» TASK GOAL: Of all the entries below, only the lines from the one with "#1 metal rod [61, 120, 284, 241]" up to and including the one with "#4 metal rod [173, 22, 256, 243]" are to be duplicated exactly.

» INPUT FOR THIS TASK:
___

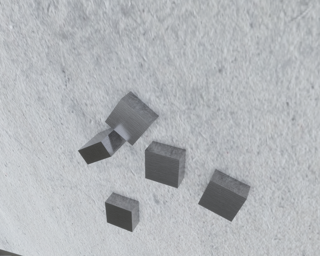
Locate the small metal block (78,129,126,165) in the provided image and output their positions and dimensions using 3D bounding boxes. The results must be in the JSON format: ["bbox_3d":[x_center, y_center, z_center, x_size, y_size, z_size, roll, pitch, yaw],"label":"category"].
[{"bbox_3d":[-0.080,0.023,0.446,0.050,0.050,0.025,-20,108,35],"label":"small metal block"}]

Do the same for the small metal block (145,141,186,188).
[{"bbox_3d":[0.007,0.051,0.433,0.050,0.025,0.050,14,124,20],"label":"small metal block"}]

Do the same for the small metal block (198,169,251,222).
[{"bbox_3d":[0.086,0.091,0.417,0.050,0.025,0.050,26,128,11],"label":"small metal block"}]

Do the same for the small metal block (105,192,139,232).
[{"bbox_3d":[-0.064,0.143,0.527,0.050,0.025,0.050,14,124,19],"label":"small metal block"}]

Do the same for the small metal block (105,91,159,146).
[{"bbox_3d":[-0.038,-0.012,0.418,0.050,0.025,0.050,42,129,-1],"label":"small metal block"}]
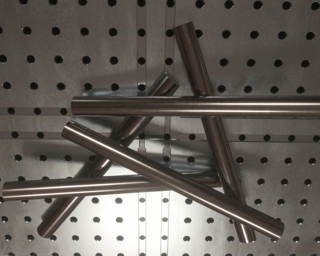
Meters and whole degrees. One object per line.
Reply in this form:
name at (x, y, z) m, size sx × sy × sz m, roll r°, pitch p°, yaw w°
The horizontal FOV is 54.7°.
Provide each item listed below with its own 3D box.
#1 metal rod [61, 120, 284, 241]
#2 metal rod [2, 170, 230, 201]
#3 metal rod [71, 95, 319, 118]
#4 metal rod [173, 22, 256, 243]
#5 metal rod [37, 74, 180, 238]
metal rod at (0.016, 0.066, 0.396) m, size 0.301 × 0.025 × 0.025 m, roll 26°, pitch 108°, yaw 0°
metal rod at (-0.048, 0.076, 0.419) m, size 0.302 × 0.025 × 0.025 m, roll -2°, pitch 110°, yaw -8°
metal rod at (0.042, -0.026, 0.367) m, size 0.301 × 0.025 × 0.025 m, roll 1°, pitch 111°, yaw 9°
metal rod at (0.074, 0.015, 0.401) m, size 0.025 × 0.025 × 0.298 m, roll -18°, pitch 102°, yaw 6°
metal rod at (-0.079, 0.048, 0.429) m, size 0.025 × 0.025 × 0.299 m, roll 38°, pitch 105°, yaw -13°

___

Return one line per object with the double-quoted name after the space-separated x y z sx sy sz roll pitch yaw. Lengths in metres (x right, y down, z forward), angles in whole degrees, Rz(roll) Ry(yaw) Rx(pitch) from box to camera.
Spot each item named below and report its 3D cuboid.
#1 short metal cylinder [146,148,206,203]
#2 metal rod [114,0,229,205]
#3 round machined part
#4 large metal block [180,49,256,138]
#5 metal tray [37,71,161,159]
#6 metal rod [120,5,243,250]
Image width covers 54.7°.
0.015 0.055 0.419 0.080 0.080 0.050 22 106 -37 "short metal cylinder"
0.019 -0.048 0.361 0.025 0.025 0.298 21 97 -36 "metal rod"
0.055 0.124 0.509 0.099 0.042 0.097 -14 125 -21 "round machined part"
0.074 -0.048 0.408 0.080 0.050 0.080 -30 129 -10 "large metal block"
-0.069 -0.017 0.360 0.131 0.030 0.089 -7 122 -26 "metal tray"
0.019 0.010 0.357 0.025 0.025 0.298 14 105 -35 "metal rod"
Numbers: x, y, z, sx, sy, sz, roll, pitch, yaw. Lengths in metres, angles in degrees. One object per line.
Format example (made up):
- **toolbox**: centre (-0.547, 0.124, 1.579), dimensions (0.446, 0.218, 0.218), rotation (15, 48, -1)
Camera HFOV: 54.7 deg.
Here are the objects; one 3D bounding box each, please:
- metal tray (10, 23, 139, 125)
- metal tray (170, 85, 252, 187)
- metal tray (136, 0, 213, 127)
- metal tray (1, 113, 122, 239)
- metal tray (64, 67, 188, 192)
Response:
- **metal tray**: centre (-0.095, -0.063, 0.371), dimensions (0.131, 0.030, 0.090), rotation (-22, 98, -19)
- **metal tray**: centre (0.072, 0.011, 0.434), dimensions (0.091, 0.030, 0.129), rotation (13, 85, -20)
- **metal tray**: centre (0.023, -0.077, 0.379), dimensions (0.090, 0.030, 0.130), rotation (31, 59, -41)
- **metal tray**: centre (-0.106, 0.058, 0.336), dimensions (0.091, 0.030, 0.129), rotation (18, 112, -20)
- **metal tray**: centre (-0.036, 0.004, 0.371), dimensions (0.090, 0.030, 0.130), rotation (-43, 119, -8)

___

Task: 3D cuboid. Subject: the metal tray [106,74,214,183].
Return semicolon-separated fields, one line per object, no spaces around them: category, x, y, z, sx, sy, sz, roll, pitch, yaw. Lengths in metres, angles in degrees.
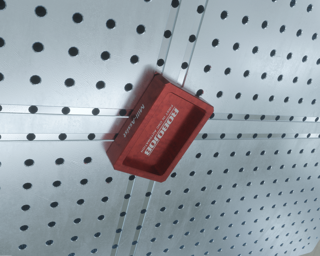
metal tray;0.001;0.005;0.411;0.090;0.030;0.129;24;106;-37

___

» RESPONSE TO THE TASK:
#1 metal rod [61, 120, 284, 241]
#2 metal rod [2, 170, 230, 201]
#3 metal rod [71, 95, 319, 118]
#4 metal rod [173, 22, 256, 243]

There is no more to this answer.